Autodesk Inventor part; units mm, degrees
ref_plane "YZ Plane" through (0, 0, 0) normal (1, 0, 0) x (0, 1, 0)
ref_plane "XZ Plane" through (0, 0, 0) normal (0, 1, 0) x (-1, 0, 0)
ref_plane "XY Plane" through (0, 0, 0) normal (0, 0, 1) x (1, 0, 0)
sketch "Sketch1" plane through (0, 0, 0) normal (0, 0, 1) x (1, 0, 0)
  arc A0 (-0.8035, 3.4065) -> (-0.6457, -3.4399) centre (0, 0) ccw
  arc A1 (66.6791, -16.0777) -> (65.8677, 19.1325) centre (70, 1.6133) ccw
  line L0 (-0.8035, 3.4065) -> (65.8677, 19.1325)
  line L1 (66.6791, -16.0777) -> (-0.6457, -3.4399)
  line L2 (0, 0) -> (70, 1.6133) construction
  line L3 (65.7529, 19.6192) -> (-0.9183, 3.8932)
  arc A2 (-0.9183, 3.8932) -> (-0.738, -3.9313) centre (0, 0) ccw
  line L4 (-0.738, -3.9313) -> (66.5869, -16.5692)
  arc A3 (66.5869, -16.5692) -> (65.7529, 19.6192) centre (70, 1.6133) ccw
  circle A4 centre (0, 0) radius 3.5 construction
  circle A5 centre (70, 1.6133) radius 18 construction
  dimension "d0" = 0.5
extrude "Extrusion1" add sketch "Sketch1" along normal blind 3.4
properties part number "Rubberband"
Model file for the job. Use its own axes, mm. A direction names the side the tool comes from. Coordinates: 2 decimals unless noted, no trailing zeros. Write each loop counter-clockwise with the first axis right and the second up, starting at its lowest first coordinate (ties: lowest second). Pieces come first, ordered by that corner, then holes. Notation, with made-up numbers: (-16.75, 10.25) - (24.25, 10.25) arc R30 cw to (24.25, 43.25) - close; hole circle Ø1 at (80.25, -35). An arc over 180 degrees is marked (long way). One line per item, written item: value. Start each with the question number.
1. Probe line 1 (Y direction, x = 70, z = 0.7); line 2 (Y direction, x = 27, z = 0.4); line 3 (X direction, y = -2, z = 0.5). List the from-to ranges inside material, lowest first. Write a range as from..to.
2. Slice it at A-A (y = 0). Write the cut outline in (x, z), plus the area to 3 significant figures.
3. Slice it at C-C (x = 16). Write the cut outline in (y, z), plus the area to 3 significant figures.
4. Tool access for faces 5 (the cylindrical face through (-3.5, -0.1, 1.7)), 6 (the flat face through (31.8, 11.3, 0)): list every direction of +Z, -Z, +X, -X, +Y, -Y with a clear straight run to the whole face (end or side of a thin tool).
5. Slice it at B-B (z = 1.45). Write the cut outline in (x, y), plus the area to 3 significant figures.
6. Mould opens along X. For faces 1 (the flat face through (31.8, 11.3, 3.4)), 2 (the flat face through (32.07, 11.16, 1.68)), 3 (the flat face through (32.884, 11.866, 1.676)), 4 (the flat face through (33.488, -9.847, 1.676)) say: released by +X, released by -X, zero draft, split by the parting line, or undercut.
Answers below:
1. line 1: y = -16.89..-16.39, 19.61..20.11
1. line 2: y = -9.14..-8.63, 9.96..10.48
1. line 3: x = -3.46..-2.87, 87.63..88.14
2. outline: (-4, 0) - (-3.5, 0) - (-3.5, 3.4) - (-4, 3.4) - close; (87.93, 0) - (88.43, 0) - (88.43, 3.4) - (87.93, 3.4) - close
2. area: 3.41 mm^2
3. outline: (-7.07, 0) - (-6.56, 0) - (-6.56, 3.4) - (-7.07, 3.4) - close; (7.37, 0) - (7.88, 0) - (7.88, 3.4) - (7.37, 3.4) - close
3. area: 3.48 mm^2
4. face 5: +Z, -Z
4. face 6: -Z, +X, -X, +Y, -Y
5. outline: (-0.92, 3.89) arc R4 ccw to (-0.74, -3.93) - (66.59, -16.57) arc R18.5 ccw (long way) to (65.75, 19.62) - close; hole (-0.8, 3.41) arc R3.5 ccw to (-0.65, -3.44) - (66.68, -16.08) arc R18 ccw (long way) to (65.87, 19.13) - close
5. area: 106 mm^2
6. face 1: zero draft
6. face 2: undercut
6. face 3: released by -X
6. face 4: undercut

## Exercise objective
Retype the entries above exactly, but only from the line containing "line L4 (-0.738, -3.9313)" through the line containing "5. Slice it", both included.

## Output below
  line L4 (-0.738, -3.9313) -> (66.5869, -16.5692)
  arc A3 (66.5869, -16.5692) -> (65.7529, 19.6192) centre (70, 1.6133) ccw
  circle A4 centre (0, 0) radius 3.5 construction
  circle A5 centre (70, 1.6133) radius 18 construction
  dimension "d0" = 0.5
extrude "Extrusion1" add sketch "Sketch1" along normal blind 3.4
properties part number "Rubberband"
Model file for the job. Use its own axes, mm. A direction names the side the tool comes from. Coordinates: 2 decimals unless noted, no trailing zeros. Write each loop counter-clockwise with the first axis right and the second up, starting at its lowest first coordinate (ties: lowest second). Pieces come first, ordered by that corner, then holes. Notation, with made-up numbers: (-16.75, 10.25) - (24.25, 10.25) arc R30 cw to (24.25, 43.25) - close; hole circle Ø1 at (80.25, -35). An arc over 180 degrees is marked (long way). One line per item, written item: value. Start each with the question number.
1. Probe line 1 (Y direction, x = 70, z = 0.7); line 2 (Y direction, x = 27, z = 0.4); line 3 (X direction, y = -2, z = 0.5). List the from-to ranges inside material, lowest first. Write a range as from..to.
2. Slice it at A-A (y = 0). Write the cut outline in (x, z), plus the area to 3 significant figures.
3. Slice it at C-C (x = 16). Write the cut outline in (y, z), plus the area to 3 significant figures.
4. Tool access for faces 5 (the cylindrical face through (-3.5, -0.1, 1.7)), 6 (the flat face through (31.8, 11.3, 0)): list every direction of +Z, -Z, +X, -X, +Y, -Y with a clear straight run to the whole face (end or side of a thin tool).
5. Slice it at B-B (z = 1.45). Write the cut outline in (x, y), plus the area to 3 significant figures.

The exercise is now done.